En réaffirmant les crimes contre l’humanité que sont les traites négrières européennes, transsahariennes et le colonialisme, Durban a fait tomber les dernières pudeurs qui inhibaient les relents falsificateurs de bien des chercheurs, penseurs et think-thank européens, la parution d’octobre 2003 de la revue L’Histoire, numéro spécial intitulé La vérité sur l’Esclavage traduit au plus-que-parfait ce tournant révisionniste. Des auteurs et succès de librairies comme Stephen Smith [Négrologie, Calmann-Levy, 2004], chroniqueur alimentaire missionné en action psychologique pour effacer les responsabilités de l’Etat français dans les prédations africaines s’inscrit durablement dans ce catalogue ignominieux, dans un domaine attenant.
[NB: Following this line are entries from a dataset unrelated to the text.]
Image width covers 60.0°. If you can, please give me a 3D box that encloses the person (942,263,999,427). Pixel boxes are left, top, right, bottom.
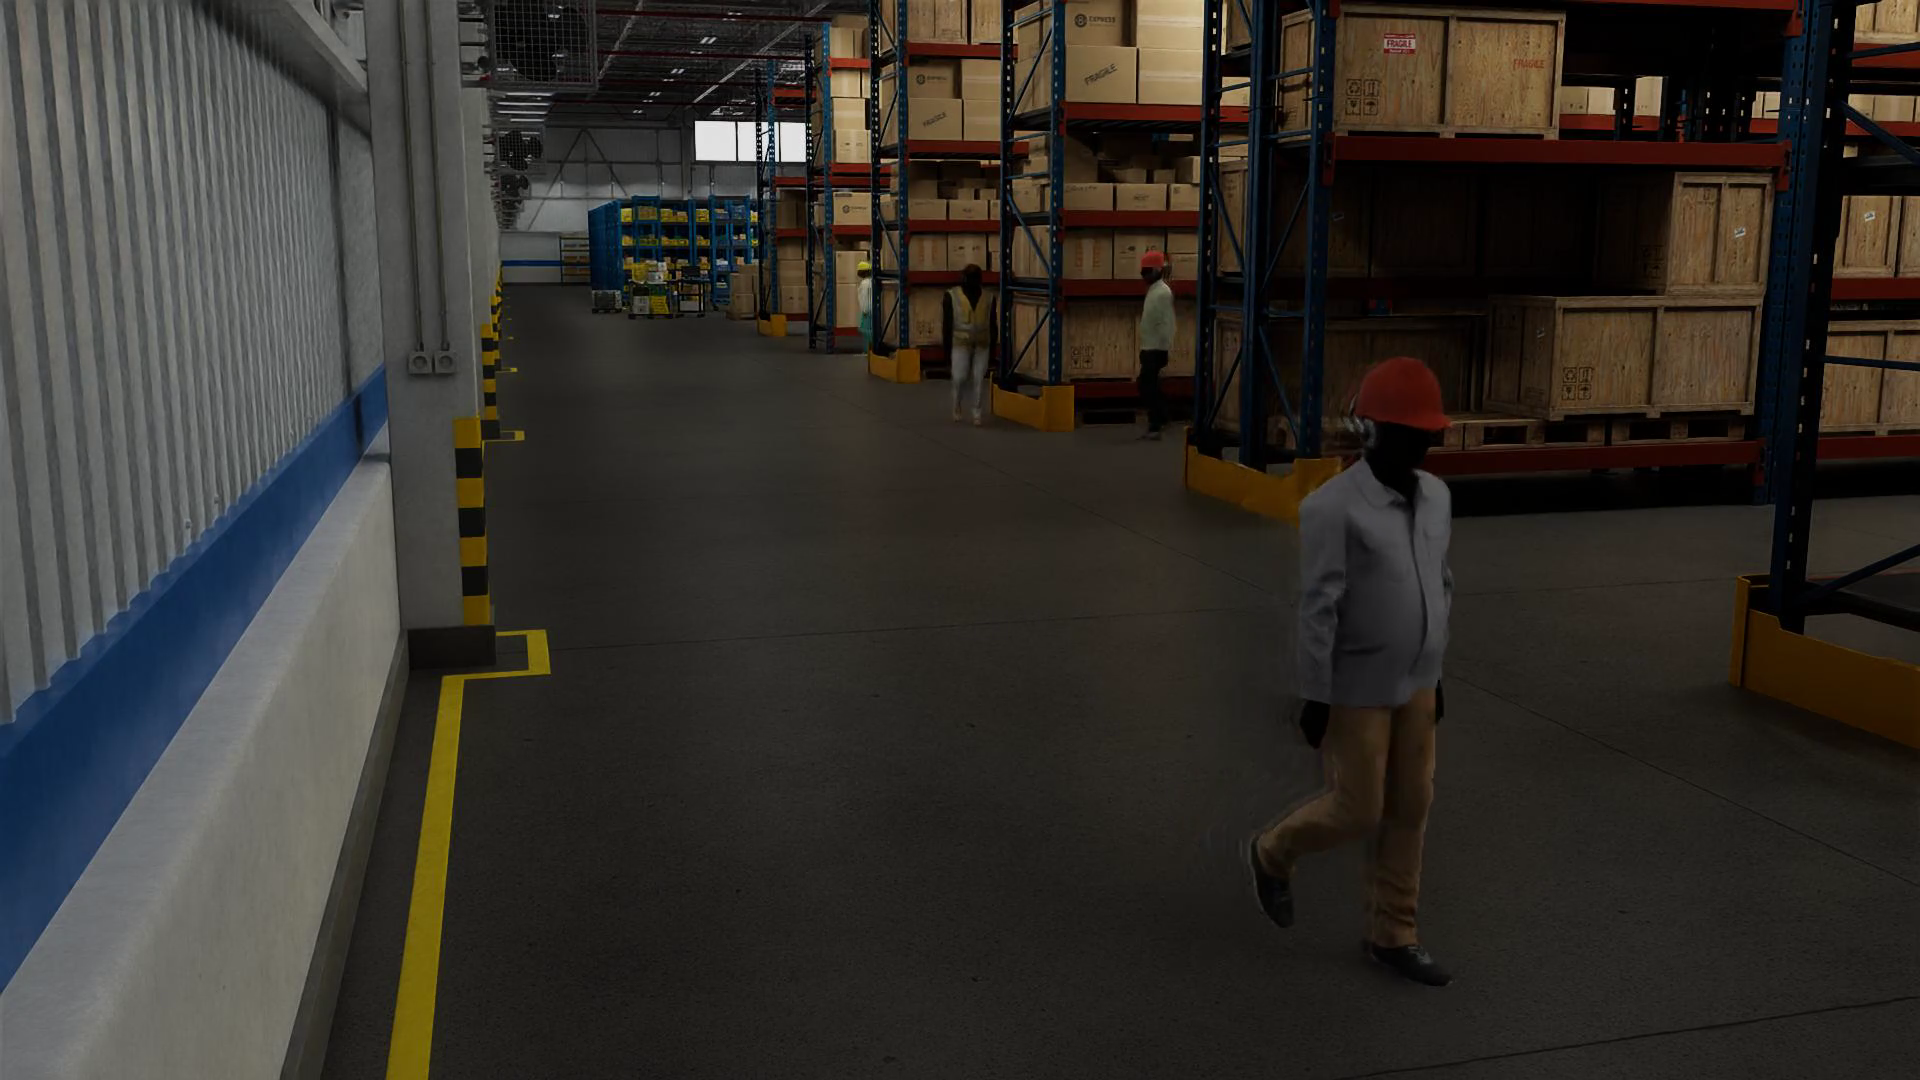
[{"bbox_3d":[0.125,-2.179,18.671,0.648,1.833,0.436,-3,10,-14],"label":"person"}]

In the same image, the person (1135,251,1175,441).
[{"bbox_3d":[1.989,-1.989,17.194,0.443,1.974,0.638,-1,10,-8],"label":"person"}]

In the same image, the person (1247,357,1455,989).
[{"bbox_3d":[1.128,0.352,4.633,0.566,1.733,0.568,-7,12,-35],"label":"person"}]

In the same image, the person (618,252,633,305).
[{"bbox_3d":[-11.550,-9.042,57.503,0.573,1.842,0.376,-7,12,-35],"label":"person"}]

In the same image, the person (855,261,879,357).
[{"bbox_3d":[-1.659,-4.197,30.328,0.517,1.757,0.529,2,10,9],"label":"person"}]

En effet, la construction européenne qui a franchit de nouveaux caps d’irréversibilité dans un contexte inédit de concurrence indirecte ou inavouée avec l’ensemble nord-américain, est devenue désormais, en absorbant l’ancien bloc de l’Est, un pôle d’attraction et de gravitation intellectuels européen dominant, relativisant les priorités antérieures à la chute du Mur de Berlin. Ainsi le tiers-mondisme écrasé par l’hyperdomination ultralibérale se meurt-il avec une part de ses illusions de solidarité nord-sud, partiellement reprises par l’altermondialisme cependant axé sur une ligne de démolition de la mondialisation uni-libérale.
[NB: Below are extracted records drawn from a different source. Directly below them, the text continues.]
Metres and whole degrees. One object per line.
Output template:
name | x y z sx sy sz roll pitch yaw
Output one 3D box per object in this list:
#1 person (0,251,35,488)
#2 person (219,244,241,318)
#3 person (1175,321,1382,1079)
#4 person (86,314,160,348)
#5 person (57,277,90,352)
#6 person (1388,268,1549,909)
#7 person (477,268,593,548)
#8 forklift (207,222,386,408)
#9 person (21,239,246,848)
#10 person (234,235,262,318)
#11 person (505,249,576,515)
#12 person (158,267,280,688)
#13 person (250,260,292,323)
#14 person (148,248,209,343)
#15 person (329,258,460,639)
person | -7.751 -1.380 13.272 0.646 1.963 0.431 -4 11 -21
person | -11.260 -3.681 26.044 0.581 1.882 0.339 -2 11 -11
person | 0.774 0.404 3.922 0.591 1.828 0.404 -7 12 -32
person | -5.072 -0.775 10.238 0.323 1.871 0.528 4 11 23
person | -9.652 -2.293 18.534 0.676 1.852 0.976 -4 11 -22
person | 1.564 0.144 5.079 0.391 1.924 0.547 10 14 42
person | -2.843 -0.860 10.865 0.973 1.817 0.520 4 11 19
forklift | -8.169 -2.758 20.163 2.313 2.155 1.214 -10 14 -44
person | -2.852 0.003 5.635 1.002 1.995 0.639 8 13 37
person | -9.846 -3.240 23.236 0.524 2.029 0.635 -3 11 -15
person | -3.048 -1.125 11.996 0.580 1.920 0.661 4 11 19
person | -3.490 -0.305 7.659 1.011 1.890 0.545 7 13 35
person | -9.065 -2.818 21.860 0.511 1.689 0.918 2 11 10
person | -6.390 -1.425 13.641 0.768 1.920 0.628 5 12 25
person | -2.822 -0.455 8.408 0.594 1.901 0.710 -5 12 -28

L’incrimination des péchés originels du capitalisme, son accumulation primitive par prédation des colonies -enrichissement par paupérisation des masses à la base de l’industrialisation capitaliste-, passent-ils au second voire troisième plan des intérêts des Européens [pro-Europe], prismes ultimes déformant leur vision de la Traite négrière européenne et des crimes européens contre l’humanité. Le joug de l’hyper puissance américaine contribue à bander les énergies vers une réponse à la force de frappe idéologique, économique et militaire des US, ce qui par effet induit pourvoit à la dévalorisation de l’Afrique dans les objets de pensée et d’attention réparatrice européens. Une nouvelle légitimité se fabrique ainsi dans l’infériorisation des tragédies ayant décimé les Négro-Africains, face aux grands enjeux du monde admis sans le dire comme principalement euro-américains et proche-orientaux.
La Traite négrière européenne et sa récente criminalisation en France par la loi Taubira en 2001 est donc devenue le parangon de cette falsification rampante des crimes européens, à mesure que les consciences des Africains et Afrodescendants expriment fermement la nécessité de la réparation du crime reconnu. Précédent emblématique aux Etats-Unis en 2004, des Africains-Américains ont porté plainte contre des entreprises accusées d’avoir contribué au trafic d’esclaves africains, traînant en justice la prestigieuse Lloyd’s, connue pour son implication dans la déportation des Africains aux Amériques. Les FleetBoston et R.J. Reynolds ont également fait l’objet de poursuites judiciaires. Pour l’heure le plus important est moins l’issue des démarches, que le vent matinal d’actes originels inaugurant probablement une longue liste …
Les argumentaires révisionnistes procèdent méthodiquement de plusieurs façons reliées les unes aux autres. Tout d’abord ils sollicitent l’abri d’une caution scientifique en publiant dans des revues considérées sérieuses évitant ainsi aux yeux du public, tout soupçon d’amateurisme. De cette posture voulue protégée, les positions africaines, afro-américaines et caribéennes sont qualifiées d’idéologiques, de passionnelles, ou de dépassées au vu de supposées dernières recherches.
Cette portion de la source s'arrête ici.